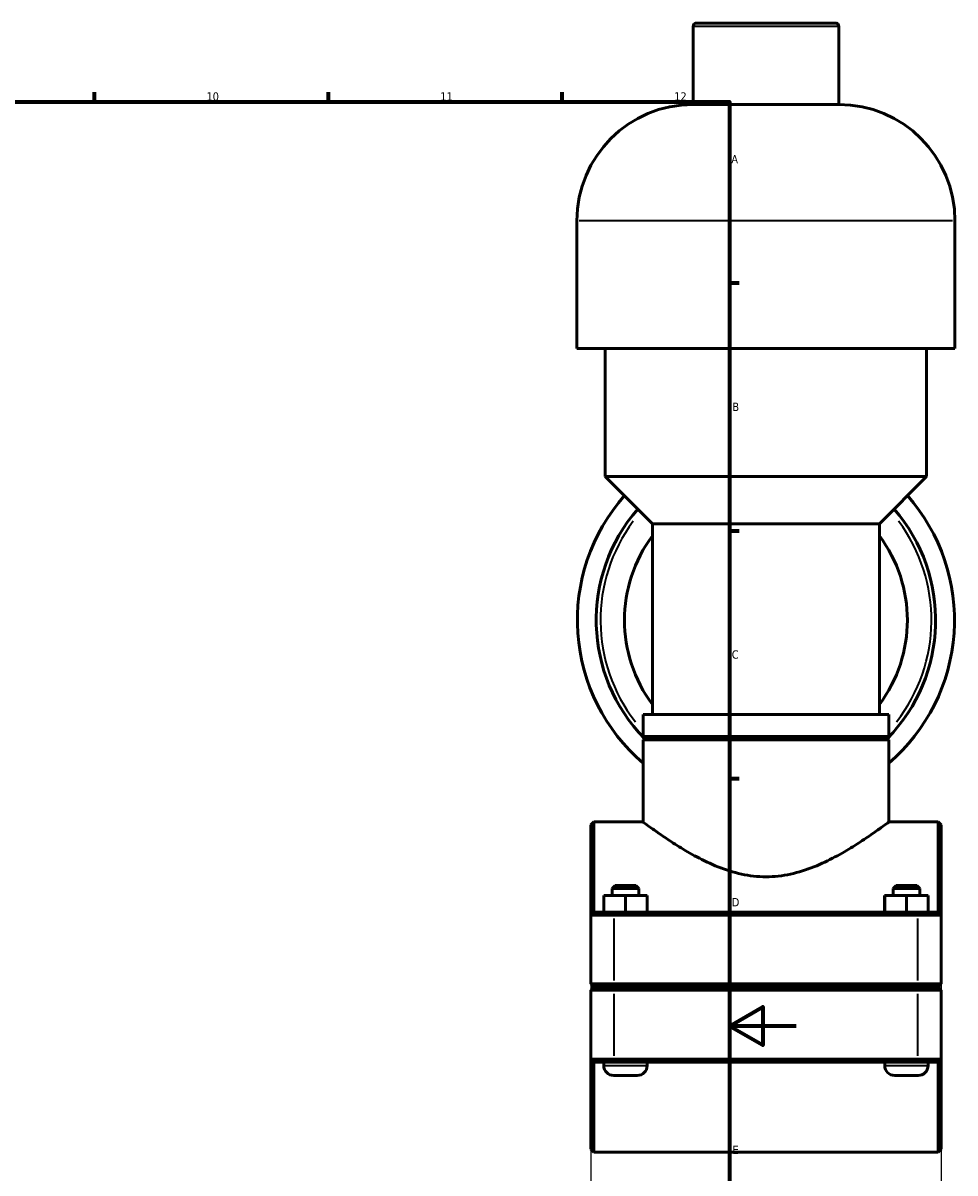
# Model space of a CAD drawing. Header units: millimetres. Extents: x 0 to 1057, y -24 to 1487.
# Tile 5 of 8: x 609 to 889, y 253 to 598. Entities that reach past the tile are written whole.
import ezdxf

# ---------------------------------------------------------------- set-up
doc = ezdxf.new("R2010")
doc.units = ezdxf.units.MM
for name, color, linetype, lineweight in [('Border (ISO)', 7, 'Continuous', 70), ('Dimension (ISO)', 7, 'Continuous', 25), ('Visible (ISO)', 7, 'Continuous', 50), ('Visible Narrow (ISO)', 7, 'Continuous', 35)]:
    doc.layers.add(name, color=color, linetype=linetype, lineweight=lineweight)
doc.styles.add('Note Text (ISO)', font='tahoma.ttf')
doc.dimstyles.new('Default (ISO)', dxfattribs={"dimtxt": 2.5, "dimasz": 2.5, "dimexe": 3.175, "dimexo": 0, "dimgap": 0.762, "dimtad": 1, "dimrnd": 1e-08, "dimzin": 0, "dimtxsty": 'Note Text (ISO)', "dimcen": 0.09, "dimdle": 10, "dimclrd": 256, "dimclre": 256, "dimclrt": 232, "dimazin": 0, "dimtfac": 1.40208, "dimtmove": 0, "dimatfit": 3, "dimfxl": 1, "dimtolj": 1, "dimtzin": 0, "dimlwd": -1, "dimlwe": -1, "dimarcsym": 0})

# ---------------------------------------------------------------- blocks, each defined once
blk = doc.blocks.new('Borders Default Border')
at = {"layer": 'Border (ISO)'}
for p, q in [((630.75, 574), (630.75, 576.9)), ((700.83, 574), (700.83, 576.9)), ((770.92, 574), (770.92, 576.9)), ((821, 519.75), (823.9, 519.75)), ((821, 445.5), (823.9, 445.5)), ((821, 371.25), (823.9, 371.25))]:
    blk.add_line(p, q, dxfattribs=at)
at = {"layer": 'Border (ISO)', "flags": 128}
for points in [[(20, 20), (20, 574), (821, 574), (821, 20), (20, 20)], [(841, 297), (821, 297), (831, 302.77), (831, 291.23), (821, 297)]]:
    blk.add_lwpolyline(points, dxfattribs=at)
at = {"layer": 'Border (ISO)', "color": 232, "true_color": 0xca0064, "char_height": 2.5, "attachment_point": 7, "style": 'Note Text (ISO)'}
for s, insert in [('10', (664.29, 574.35)), ('11', (734.37, 574.4)), ('12', (804.46, 574.4)), ('A', (821.59, 555.62)), ('B', (821.89, 481.37)), ('C', (821.73, 407.08)), ('D', (821.73, 332.88)), ('E', (821.94, 258.63))]:
    blk.add_mtext(s, dxfattribs=dict(at, insert=insert))
blk = doc.blocks.new('*D14')
at = {"layer": 'Defpoints', "color": 0, "transparency": 16777216}
for p in [(779.46, 309.63), (884.46, 309.63), (779.46, 183.78)]:
    blk.add_point(p, dxfattribs=at)
at = {"layer": 'Dimension (ISO)', "transparency": 16777216}
for p, q in [((779.46, 309.63), (779.46, 180.61)), ((884.46, 309.63), (884.46, 180.61)), ((881.96, 183.78), (781.96, 183.78))]:
    blk.add_line(p, q, dxfattribs=at)
for points in [[(781.96, 184.2), (781.96, 183.37), (779.46, 183.78)], [(881.96, 184.2), (881.96, 183.37), (884.46, 183.78)]]:
    blk.add_solid(points, dxfattribs=at)
at = {"layer": 'Dimension (ISO)', "color": 232, "true_color": 0xca0064, "transparency": 16777216, "insert": (802.51, 187.72), "char_height": 2.5, "attachment_point": 1, "style": 'Note Text (ISO)'}
blk.add_mtext('\\A1;105,00', dxfattribs=at)

msp = doc.modelspace()

# ---------------------------------------------------------------- linework, layer by layer
at = {"layer": 'Visible (ISO)'}
for p, q in [((810.165, 573.277), (810.165, 596.677)), ((811.165, 597.677), (852.763, 597.677)), ((853.763, 573.277), (853.763, 596.677)), ((853.763, 573.277), (810.165, 573.277)), ((775.308, 500.077), (775.308, 538.42)), ((888.62, 500.077), (888.62, 538.42)), ((888.62, 500.077), (775.308, 500.077)), ((783.806, 461.735), (783.806, 500.077)), ((880.121, 461.735), (880.121, 500.077)), ((880.121, 461.735), (783.806, 461.735)), ((797.97, 447.571), (783.806, 461.735)), ((865.957, 447.571), (880.121, 461.735)), ((865.957, 447.571), (797.97, 447.571)), ((797.97, 390.444), (797.97, 447.571)), ((865.957, 390.444), (865.957, 447.571)), ((868.79, 390.444), (795.137, 390.444)), ((795.137, 383.777), (795.137, 390.444)), ((868.79, 383.777), (868.79, 390.444)), ((868.79, 383.777), (795.137, 383.777)), ((796.037, 383.677), (795.137, 382.777)), ((795.137, 358.177), (795.137, 382.777)), ((868.79, 382.777), (795.137, 382.777)), ((796.037, 383.677), (867.89, 383.677)), ((803.636, 383.677), (803.636, 383.777)), ((860.292, 383.677), (860.292, 383.777)), ((867.89, 383.677), (868.79, 382.777)), ((868.79, 358.177), (868.79, 382.777)), ((779.464, 357.277), (780.364, 358.177)), ((779.464, 330.277), (779.464, 357.277)), ((780.364, 358.177), (780.364, 331.177)), ((780.364, 358.177), (795.137, 358.177)), ((868.79, 358.177), (883.564, 358.177)), ((883.564, 331.177), (883.564, 358.177)), ((884.464, 357.277), (883.564, 358.177)), ((884.464, 357.277), (884.464, 330.277)), ((786.764, 339.177), (785.864, 338.277)), ((793.864, 338.277), (785.864, 338.277)), ((785.864, 336.177), (785.864, 338.277)), ((786.764, 339.177), (792.964, 339.177)), ((792.964, 339.177), (793.864, 338.277)), ((793.864, 336.177), (793.864, 338.277)), ((870.964, 339.177), (870.064, 338.277)), ((878.064, 338.277), (870.064, 338.277)), ((870.064, 336.177), (870.064, 338.277)), ((870.964, 339.177), (877.164, 339.177)), ((877.164, 339.177), (878.064, 338.277)), ((878.064, 336.177), (878.064, 338.277)), ((783.344, 336.177), (783.384, 336.177)), ((783.344, 331.177), (783.344, 336.177)), ((783.384, 336.177), (789.904, 336.177)), ((783.384, 331.177), (783.384, 336.177)), ((789.904, 336.177), (796.384, 336.177)), ((789.904, 331.177), (789.904, 336.177)), ((796.384, 331.177), (796.384, 336.177)), ((867.544, 336.177), (867.584, 336.177)), ((867.544, 331.177), (867.544, 336.177)), ((867.584, 336.177), (874.104, 336.177)), ((867.584, 331.177), (867.584, 336.177)), ((874.104, 336.177), (880.584, 336.177)), ((874.104, 331.177), (874.104, 336.177)), ((880.584, 331.177), (880.584, 336.177)), ((780.364, 331.177), (779.464, 330.277)), ((780.364, 331.177), (786.514, 331.177)), ((877.414, 331.177), (786.514, 331.177)), ((877.414, 331.177), (883.564, 331.177)), ((883.564, 331.177), (884.464, 330.277)), ((786.514, 330.277), (779.464, 330.277)), ((779.464, 330.277), (779.464, 309.627)), ((786.514, 330.277), (877.414, 330.277)), ((884.464, 330.277), (877.414, 330.277)), ((884.464, 309.627), (884.464, 330.277)), ((780.364, 308.727), (779.464, 309.627)), ((779.464, 309.627), (786.514, 309.627)), ((780.364, 308.627), (779.464, 307.727)), ((786.514, 307.727), (779.464, 307.727)), ((779.464, 307.727), (779.464, 287.077)), ((786.514, 308.727), (780.364, 308.727)), ((780.364, 308.627), (786.514, 308.627)), ((783.364, 308.627), (783.364, 308.727)), ((877.414, 309.627), (786.514, 309.627)), ((786.514, 308.727), (877.414, 308.727)), ((877.414, 308.627), (786.514, 308.627)), ((786.514, 307.727), (877.414, 307.727)), ((796.364, 308.627), (796.364, 308.727)), ((867.564, 308.627), (867.564, 308.727)), ((877.414, 309.627), (884.464, 309.627)), ((883.564, 308.727), (877.414, 308.727)), ((877.414, 308.627), (883.564, 308.627)), ((884.464, 307.727), (877.414, 307.727)), ((880.564, 308.627), (880.564, 308.727)), ((883.564, 308.727), (884.464, 309.627)), ((883.564, 308.627), (884.464, 307.727)), ((884.464, 287.077), (884.464, 307.727)), ((779.464, 260.077), (779.464, 287.077)), ((779.464, 287.077), (786.514, 287.077)), ((780.364, 286.177), (779.464, 287.077)), ((780.364, 286.177), (780.364, 259.177)), ((786.514, 286.177), (780.364, 286.177)), ((783.364, 285.177), (783.364, 286.177)), ((877.414, 287.077), (786.514, 287.077)), ((786.514, 286.177), (877.414, 286.177)), ((796.364, 285.177), (796.364, 286.177)), ((867.564, 285.177), (867.564, 286.177)), ((877.414, 287.077), (884.464, 287.077)), ((883.564, 286.177), (877.414, 286.177)), ((880.564, 285.177), (880.564, 286.177)), ((883.564, 286.177), (884.464, 287.077)), ((883.564, 259.177), (883.564, 286.177)), ((884.464, 287.077), (884.464, 260.077)), ((793.364, 282.177), (786.364, 282.177)), ((877.564, 282.177), (870.564, 282.177)), ((779.464, 260.077), (780.364, 259.177)), ((780.364, 259.177), (883.564, 259.177)), ((884.464, 260.077), (883.564, 259.177))]:
    msp.add_line(p, q, dxfattribs=at)
for centre, radius, start, end in [((811.165, 596.677), 1, 90, 180), ((852.763, 596.677), 1, 0, 90), ((810.165, 538.42), 34.857, 90, 180), ((853.763, 538.42), 34.857, 0, 90), ((831.964, 418.677), 56.5, 138.65985, 229.32295), ((831.964, 418.677), 56.5, 310.67705, 41.34015), ((831.964, 418.677), 50.85, 139.06715, 224.26188), ((831.964, 418.677), 50.85, 315.73812, 40.93285), ((831.964, 418.677), 42.375, 143.34155, 216.65845), ((831.964, 418.677), 42.375, 323.34155, 36.65845), ((786.364, 285.177), 3, 180, 270), ((793.364, 285.177), 3, 270, 0), ((870.564, 285.177), 3, 180, 270), ((877.564, 285.177), 3, 270, 0)]:
    msp.add_arc(centre, radius, start, end, dxfattribs=at)
for points, knots in [([(795.137, 358.177), (795.137, 358.177), (795.379, 357.996), (796.363, 357.271), (797.104, 356.728), (799.019, 355.357), (800.195, 354.529), (802.864, 352.722), (804.357, 351.744), (807.523, 349.785), (809.321, 348.727), (813.239, 346.65), (815.358, 345.632), (819.827, 343.851), (822.182, 343.089), (827.015, 342.039), (829.495, 341.754), (831.964, 341.754)], [17.5936052, 17.5936052, 17.5936052, 17.5936052, 18.3192407, 18.3192407, 19.0448762, 19.0448762, 19.7705116, 19.7705116, 20.4961471, 20.4961471, 21.2366454, 21.2366454, 21.9771437, 21.9771437, 22.717642, 22.717642, 23.4581403, 23.4581403, 23.4581403, 23.4581403]), ([(831.964, 341.754), (834.432, 341.754), (836.912, 342.039), (841.746, 343.089), (844.1, 343.851), (848.57, 345.632), (850.689, 346.65), (854.607, 348.727), (856.405, 349.785), (859.571, 351.744), (861.064, 352.722), (863.732, 354.529), (864.908, 355.357), (866.823, 356.728), (867.564, 357.271), (868.548, 357.996), (868.79, 358.177), (868.79, 358.177)], [0, 0, 0, 0, 0.7404983, 0.7404983, 1.4809966, 1.4809966, 2.2214949, 2.2214949, 2.9619932, 2.9619932, 3.6876287, 3.6876287, 4.4132641, 4.4132641, 5.1388996, 5.1388996, 5.8645351, 5.8645351, 5.8645351, 5.8645351])]:
    msp.add_open_spline(points, degree=3, knots=knots, dxfattribs=at)
at = {"layer": 'Visible Narrow (ISO)'}
for p, q in [((853.494, 596.677), (810.433, 596.677)), ((887.922, 538.42), (776.005, 538.42)), ((786.514, 331.132), (786.514, 330.322)), ((877.414, 331.132), (877.414, 330.322)), ((786.514, 310.66), (786.514, 329.245)), ((877.414, 329.245), (877.414, 310.66)), ((786.514, 308.772), (786.514, 309.582)), ((786.514, 308.582), (786.514, 307.772)), ((877.414, 308.772), (877.414, 309.582)), ((877.414, 308.582), (877.414, 307.772)), ((786.514, 288.11), (786.514, 306.695)), ((877.414, 306.695), (877.414, 288.11)), ((786.514, 286.222), (786.514, 287.032)), ((877.414, 286.222), (877.414, 287.032)), ((783.444, 285.177), (796.284, 285.177)), ((867.644, 285.177), (880.484, 285.177))]:
    msp.add_line(p, q, dxfattribs=at)
for start, end in [(143.3144, 217.90141), (322.09859, 36.6856), (224.73848, 224.88505), (315.11495, 315.26152)]:
    msp.add_arc((831.964, 418.677), 49.59, start, end, dxfattribs=at)

# ---------------------------------------------------------------- block references
msp.add_blockref('Borders Default Border', (0, 0))

# ---------------------------------------------------------------- dimensions: what is measured, and where the dimension line sits
at = {"layer": 'Dimension (ISO)'}
dim = msp.add_linear_dim(base=(779.464, 183.782), p1=(884.464, 309.627), p2=(779.464, 309.627), dimstyle='Default (ISO)', override={"dimdec": 2, "dimtp": 0, "dimtm": 0, "dimtdec": 2, "dimtofl": 0, "dimatfit": 1}, dxfattribs=at)
dim.commit()
dim.dimension.update_dxf_attribs({"geometry": '*D14', "text_midpoint": (807.464, 183.782), "dimtype": 160})

doc.saveas('drawing.dxf')
+++
*WORK REQUEST:*
Pick out the lines above that hold the string "linetype" and show them.

*FINAL ANSWER:*
for name, color, linetype, lineweight in [('Border (ISO)', 7, 'Continuous', 70), ('Dimension (ISO)', 7, 'Continuous', 25), ('Visible (ISO)', 7, 'Continuous', 50), ('Visible Narrow (ISO)', 7, 'Continuous', 35)]:
    doc.layers.add(name, color=color, linetype=linetype, lineweight=lineweight)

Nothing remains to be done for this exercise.